WHAT YOU HAVE TO DO: Through the last line of the entries, please copy every line exactly, starting with the one that contains "Tag the cardboard box <box>1628,19,1642,32</box>".

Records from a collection
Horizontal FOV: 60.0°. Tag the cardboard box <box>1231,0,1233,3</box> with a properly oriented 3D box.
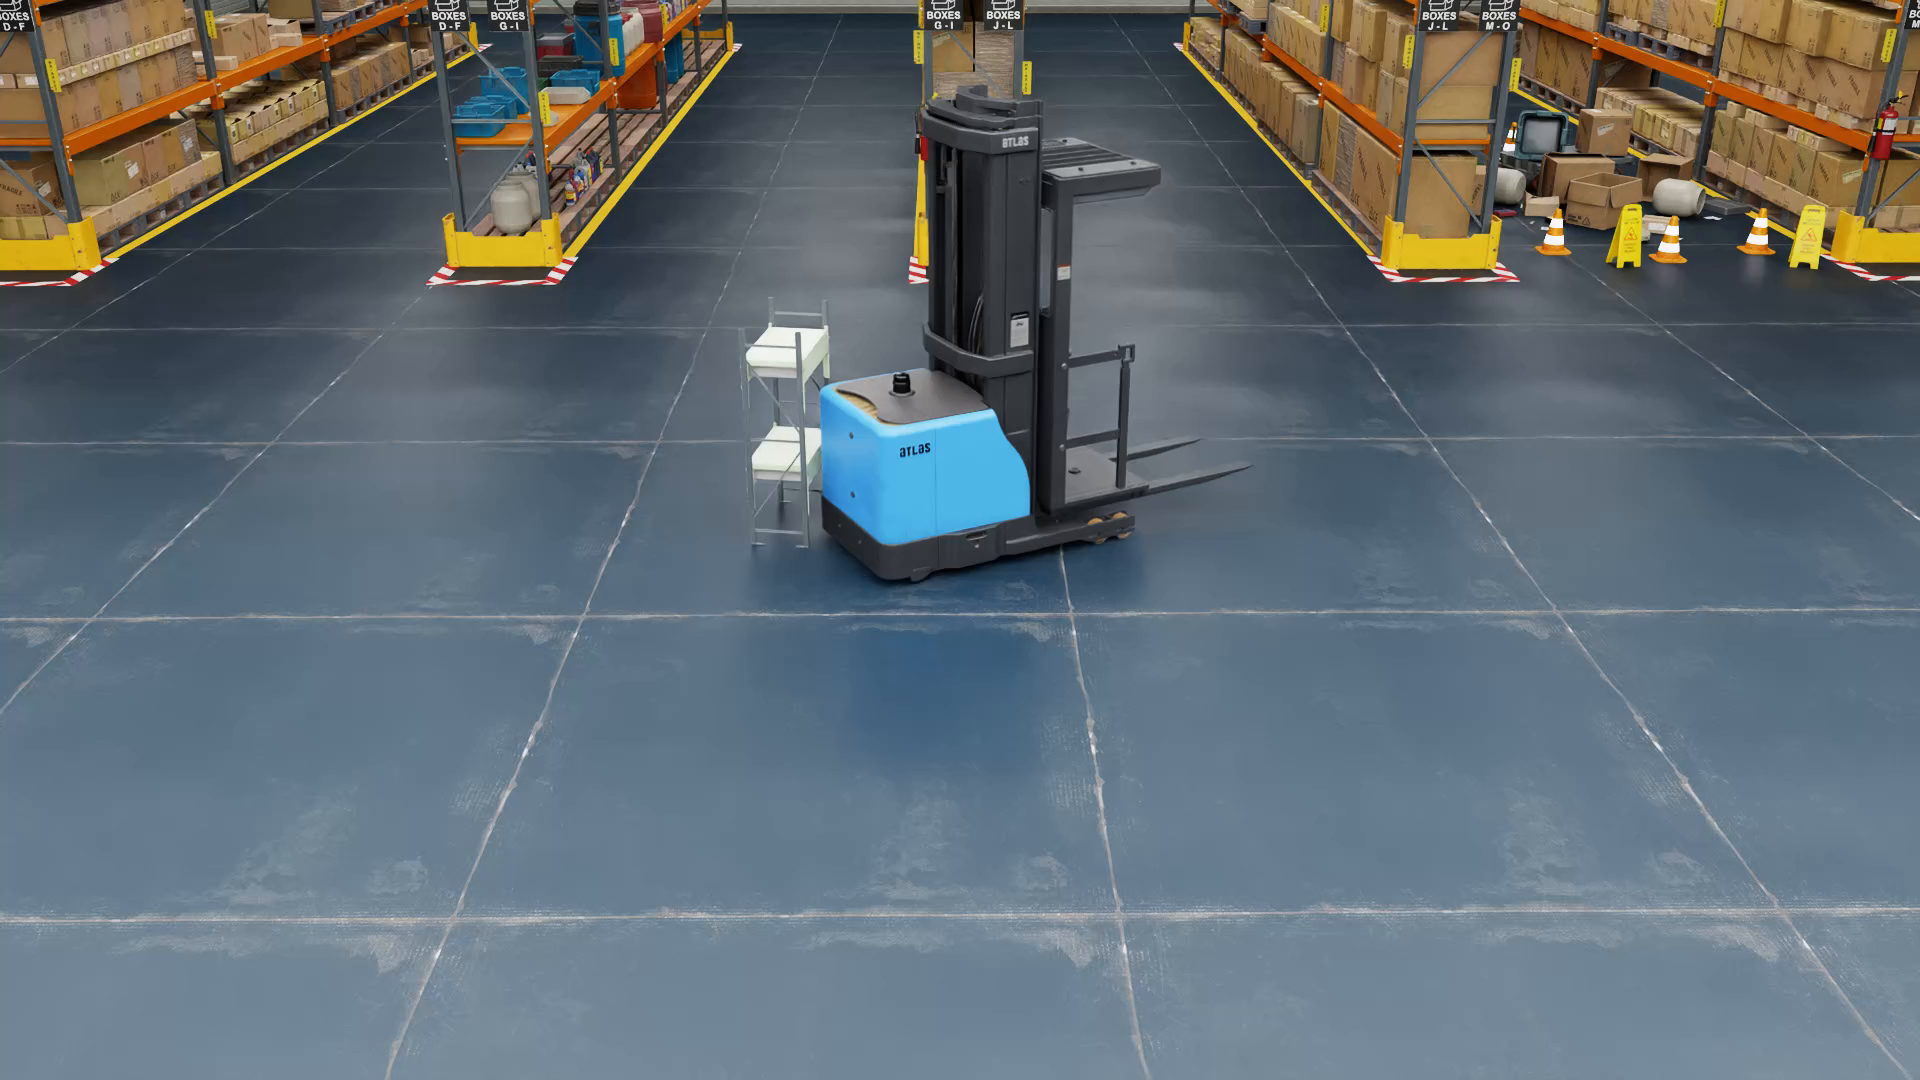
[{"bbox_3d":[4.529,-8.631,26.489,0.380,0.149,0.250,-1,24,-2],"label":"cardboard box"}]

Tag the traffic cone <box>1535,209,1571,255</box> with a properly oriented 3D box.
[{"bbox_3d":[6.511,-3.381,18.165,0.336,0.463,0.334,0,24,-1],"label":"traffic cone"}]

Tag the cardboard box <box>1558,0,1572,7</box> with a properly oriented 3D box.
[{"bbox_3d":[9.663,-8.452,25.874,0.500,0.250,0.500,-1,24,-2],"label":"cardboard box"}]

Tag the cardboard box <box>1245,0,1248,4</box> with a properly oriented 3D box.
[{"bbox_3d":[4.538,-8.241,25.265,0.380,0.149,0.250,0,24,1],"label":"cardboard box"}]

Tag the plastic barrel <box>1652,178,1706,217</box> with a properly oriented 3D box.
[{"bbox_3d":[8.509,-4.046,19.683,0.512,0.421,0.421,19,30,35],"label":"plastic barrel"}]

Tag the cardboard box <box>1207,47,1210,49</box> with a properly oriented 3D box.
[{"bbox_3d":[4.674,-8.843,30.113,0.380,0.149,0.250,0,24,0],"label":"cardboard box"}]

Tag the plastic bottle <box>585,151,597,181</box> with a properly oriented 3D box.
[{"bbox_3d":[-4.563,-4.608,20.478,0.144,0.351,0.185,-1,24,-3],"label":"plastic bottle"}]

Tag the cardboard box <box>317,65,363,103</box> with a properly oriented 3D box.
[{"bbox_3d":[-9.588,-7.051,25.699,0.500,0.500,0.500,-1,24,-2],"label":"cardboard box"}]

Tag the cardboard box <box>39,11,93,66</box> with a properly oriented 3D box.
[{"bbox_3d":[-9.774,-5.356,17.756,0.700,0.500,0.500,-1,24,-2],"label":"cardboard box"}]

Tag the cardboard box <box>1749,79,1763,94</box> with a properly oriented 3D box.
[{"bbox_3d":[9.740,-5.463,19.994,0.380,0.149,0.250,0,24,1],"label":"cardboard box"}]

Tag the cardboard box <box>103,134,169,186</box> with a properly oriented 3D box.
[{"bbox_3d":[-9.567,-4.409,19.275,0.500,0.500,0.500,0,24,-1],"label":"cardboard box"}]

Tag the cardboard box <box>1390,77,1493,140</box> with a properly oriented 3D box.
[{"bbox_3d":[5.047,-4.533,17.451,0.875,0.550,0.550,0,24,-1],"label":"cardboard box"}]

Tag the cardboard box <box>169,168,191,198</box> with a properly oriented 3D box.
[{"bbox_3d":[-9.574,-4.273,19.885,0.500,0.250,0.500,0,24,-1],"label":"cardboard box"}]

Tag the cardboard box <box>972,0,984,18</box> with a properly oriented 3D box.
[{"bbox_3d":[0.385,-5.814,18.769,0.500,0.500,0.500,0,24,-1],"label":"cardboard box"}]

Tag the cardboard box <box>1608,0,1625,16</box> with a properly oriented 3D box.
[{"bbox_3d":[9.731,-7.858,23.993,0.500,0.500,0.500,-1,24,-2],"label":"cardboard box"}]

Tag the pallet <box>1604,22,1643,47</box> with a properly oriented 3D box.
[{"bbox_3d":[10.072,-7.292,23.965,1.213,0.211,1.003,0,24,-1],"label":"pallet"}]

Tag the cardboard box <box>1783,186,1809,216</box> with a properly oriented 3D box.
[{"bbox_3d":[9.769,-3.860,18.971,0.500,0.250,0.500,0,24,0],"label":"cardboard box"}]

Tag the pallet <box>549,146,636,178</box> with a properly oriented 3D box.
[{"bbox_3d":[-4.908,-5.010,22.071,1.003,0.211,1.213,0,24,-1],"label":"pallet"}]

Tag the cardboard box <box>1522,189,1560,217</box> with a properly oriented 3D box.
[{"bbox_3d":[6.913,-4.014,19.804,0.396,0.266,0.258,4,25,9],"label":"cardboard box"}]

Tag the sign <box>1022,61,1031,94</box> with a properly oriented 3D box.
[{"bbox_3d":[0.678,-4.728,17.014,0.100,0.325,0.005,0,24,-1],"label":"sign"}]

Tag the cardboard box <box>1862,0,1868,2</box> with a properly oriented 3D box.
[{"bbox_3d":[14.673,-8.844,26.534,0.700,0.500,0.500,0,24,-1],"label":"cardboard box"}]

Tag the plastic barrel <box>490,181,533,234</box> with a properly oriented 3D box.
[{"bbox_3d":[-4.901,-3.638,18.162,0.421,0.512,0.421,0,24,0],"label":"plastic barrel"}]

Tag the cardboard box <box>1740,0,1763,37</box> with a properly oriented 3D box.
[{"bbox_3d":[9.773,-6.268,19.773,0.700,0.500,0.500,0,24,0],"label":"cardboard box"}]

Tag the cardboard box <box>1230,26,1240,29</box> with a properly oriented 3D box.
[{"bbox_3d":[5.146,-9.315,30.434,0.380,0.149,0.250,-1,24,-2],"label":"cardboard box"}]

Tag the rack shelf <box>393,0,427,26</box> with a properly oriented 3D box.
[{"bbox_3d":[-9.923,-9.729,29.995,1.077,0.370,4.000,0,24,-1],"label":"rack shelf"}]

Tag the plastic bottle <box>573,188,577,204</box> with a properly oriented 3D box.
[{"bbox_3d":[-4.526,-4.026,19.373,0.097,0.201,0.097,0,24,0],"label":"plastic bottle"}]

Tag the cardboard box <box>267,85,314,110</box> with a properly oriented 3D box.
[{"bbox_3d":[-9.593,-6.350,23.797,0.500,0.311,0.500,-1,24,-1],"label":"cardboard box"}]

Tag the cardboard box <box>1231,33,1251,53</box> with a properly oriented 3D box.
[{"bbox_3d":[4.718,-8.126,27.190,0.500,0.250,0.500,0,24,1],"label":"cardboard box"}]

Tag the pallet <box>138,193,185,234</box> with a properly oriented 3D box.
[{"bbox_3d":[-9.831,-3.834,19.471,1.003,0.211,1.213,0,24,-1],"label":"pallet"}]

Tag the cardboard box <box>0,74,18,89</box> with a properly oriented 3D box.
[{"bbox_3d":[-9.965,-4.786,17.283,0.380,0.149,0.250,-1,24,-1],"label":"cardboard box"}]

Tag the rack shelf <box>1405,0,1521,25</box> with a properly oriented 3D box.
[{"bbox_3d":[5.075,-6.175,18.496,1.077,0.370,4.000,0,24,-1],"label":"rack shelf"}]

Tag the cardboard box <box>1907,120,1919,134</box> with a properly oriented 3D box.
[{"bbox_3d":[10.248,-4.402,17.648,0.380,0.149,0.250,0,24,0],"label":"cardboard box"}]

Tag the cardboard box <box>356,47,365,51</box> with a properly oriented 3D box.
[{"bbox_3d":[-10.122,-7.874,27.520,0.500,0.500,0.500,0,24,0],"label":"cardboard box"}]

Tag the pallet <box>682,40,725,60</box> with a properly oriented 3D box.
[{"bbox_3d":[-5.021,-9.291,31.538,1.003,0.211,1.213,0,24,-1],"label":"pallet"}]

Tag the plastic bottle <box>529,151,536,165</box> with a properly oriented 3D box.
[{"bbox_3d":[-5.267,-4.616,20.497,0.144,0.351,0.185,0,24,1],"label":"plastic bottle"}]

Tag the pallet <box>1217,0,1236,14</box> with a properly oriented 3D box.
[{"bbox_3d":[4.828,-8.854,27.419,1.003,0.211,1.213,0,24,-1],"label":"pallet"}]

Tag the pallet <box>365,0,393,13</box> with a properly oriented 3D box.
[{"bbox_3d":[-10.001,-8.816,27.335,1.003,0.211,1.213,0,24,-1],"label":"pallet"}]

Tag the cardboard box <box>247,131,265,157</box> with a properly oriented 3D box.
[{"bbox_3d":[-9.575,-5.253,22.052,0.500,0.250,0.500,0,24,1],"label":"cardboard box"}]

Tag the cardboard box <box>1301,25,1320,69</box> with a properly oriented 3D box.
[{"bbox_3d":[4.774,-6.428,21.701,0.500,0.500,0.500,-1,24,-1],"label":"cardboard box"}]

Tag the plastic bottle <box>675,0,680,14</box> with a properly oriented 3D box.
[{"bbox_3d":[-4.609,-8.622,26.825,0.152,0.276,0.135,0,24,-1],"label":"plastic bottle"}]

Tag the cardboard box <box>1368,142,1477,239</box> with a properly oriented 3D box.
[{"bbox_3d":[5.023,-3.814,18.112,0.875,0.875,0.875,0,24,0],"label":"cardboard box"}]

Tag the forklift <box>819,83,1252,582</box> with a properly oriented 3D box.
[{"bbox_3d":[0.607,-1.490,10.987,3.031,2.935,1.130,-13,27,-26],"label":"forklift"}]

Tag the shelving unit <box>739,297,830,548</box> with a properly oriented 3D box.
[{"bbox_3d":[-1.150,-0.793,11.183,0.431,1.500,0.755,4,25,8],"label":"shelving unit"}]

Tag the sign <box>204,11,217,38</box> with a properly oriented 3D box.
[{"bbox_3d":[-9.259,-6.370,20.548,0.100,0.325,0.005,0,24,-1],"label":"sign"}]

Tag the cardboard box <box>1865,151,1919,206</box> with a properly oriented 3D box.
[{"bbox_3d":[10.312,-3.999,18.370,0.500,0.500,0.500,-1,24,-2],"label":"cardboard box"}]

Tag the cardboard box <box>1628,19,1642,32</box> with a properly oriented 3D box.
[{"bbox_3d":[9.684,-7.271,23.483,0.380,0.149,0.250,0,24,0],"label":"cardboard box"}]

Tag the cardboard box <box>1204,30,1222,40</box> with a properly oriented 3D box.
[{"bbox_3d":[4.614,-9.103,29.964,0.380,0.149,0.250,-1,24,-2],"label":"cardboard box"}]

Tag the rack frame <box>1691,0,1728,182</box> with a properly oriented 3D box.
[{"bbox_3d":[10.001,-6.024,20.929,1.000,3.000,0.127,0,24,-1],"label":"rack frame"}]

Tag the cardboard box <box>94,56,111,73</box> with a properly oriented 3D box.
[{"bbox_3d":[-9.572,-5.217,18.237,0.380,0.149,0.250,-1,24,-2],"label":"cardboard box"}]

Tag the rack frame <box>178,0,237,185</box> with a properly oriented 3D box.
[{"bbox_3d":[-9.814,-5.937,20.736,1.000,3.000,0.127,0,24,-1],"label":"rack frame"}]

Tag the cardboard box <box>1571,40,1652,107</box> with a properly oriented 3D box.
[{"bbox_3d":[10.033,-7.181,25.555,0.875,0.875,0.875,0,24,-1],"label":"cardboard box"}]

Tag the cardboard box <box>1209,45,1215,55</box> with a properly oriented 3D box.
[{"bbox_3d":[4.608,-8.635,29.291,0.380,0.149,0.250,-1,24,-2],"label":"cardboard box"}]

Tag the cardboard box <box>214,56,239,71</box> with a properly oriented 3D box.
[{"bbox_3d":[-9.619,-6.188,21.597,0.380,0.149,0.250,0,24,-1],"label":"cardboard box"}]

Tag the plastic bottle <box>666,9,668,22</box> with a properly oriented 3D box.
[{"bbox_3d":[-4.569,-8.115,25.709,0.097,0.271,0.097,0,24,0],"label":"plastic bottle"}]

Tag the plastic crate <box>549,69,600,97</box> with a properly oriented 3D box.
[{"bbox_3d":[-4.577,-5.435,19.807,0.499,0.251,0.616,0,24,-1],"label":"plastic crate"}]

ANSWER AREA:
Tag the cardboard box <box>1628,19,1642,32</box> with a properly oriented 3D box.
[{"bbox_3d":[9.684,-7.271,23.483,0.380,0.149,0.250,0,24,0],"label":"cardboard box"}]

Tag the cardboard box <box>1204,30,1222,40</box> with a properly oriented 3D box.
[{"bbox_3d":[4.614,-9.103,29.964,0.380,0.149,0.250,-1,24,-2],"label":"cardboard box"}]

Tag the rack frame <box>1691,0,1728,182</box> with a properly oriented 3D box.
[{"bbox_3d":[10.001,-6.024,20.929,1.000,3.000,0.127,0,24,-1],"label":"rack frame"}]

Tag the cardboard box <box>94,56,111,73</box> with a properly oriented 3D box.
[{"bbox_3d":[-9.572,-5.217,18.237,0.380,0.149,0.250,-1,24,-2],"label":"cardboard box"}]

Tag the rack frame <box>178,0,237,185</box> with a properly oriented 3D box.
[{"bbox_3d":[-9.814,-5.937,20.736,1.000,3.000,0.127,0,24,-1],"label":"rack frame"}]

Tag the cardboard box <box>1571,40,1652,107</box> with a properly oriented 3D box.
[{"bbox_3d":[10.033,-7.181,25.555,0.875,0.875,0.875,0,24,-1],"label":"cardboard box"}]

Tag the cardboard box <box>1209,45,1215,55</box> with a properly oriented 3D box.
[{"bbox_3d":[4.608,-8.635,29.291,0.380,0.149,0.250,-1,24,-2],"label":"cardboard box"}]

Tag the cardboard box <box>214,56,239,71</box> with a properly oriented 3D box.
[{"bbox_3d":[-9.619,-6.188,21.597,0.380,0.149,0.250,0,24,-1],"label":"cardboard box"}]

Tag the plastic bottle <box>666,9,668,22</box> with a properly oriented 3D box.
[{"bbox_3d":[-4.569,-8.115,25.709,0.097,0.271,0.097,0,24,0],"label":"plastic bottle"}]

Tag the plastic crate <box>549,69,600,97</box> with a properly oriented 3D box.
[{"bbox_3d":[-4.577,-5.435,19.807,0.499,0.251,0.616,0,24,-1],"label":"plastic crate"}]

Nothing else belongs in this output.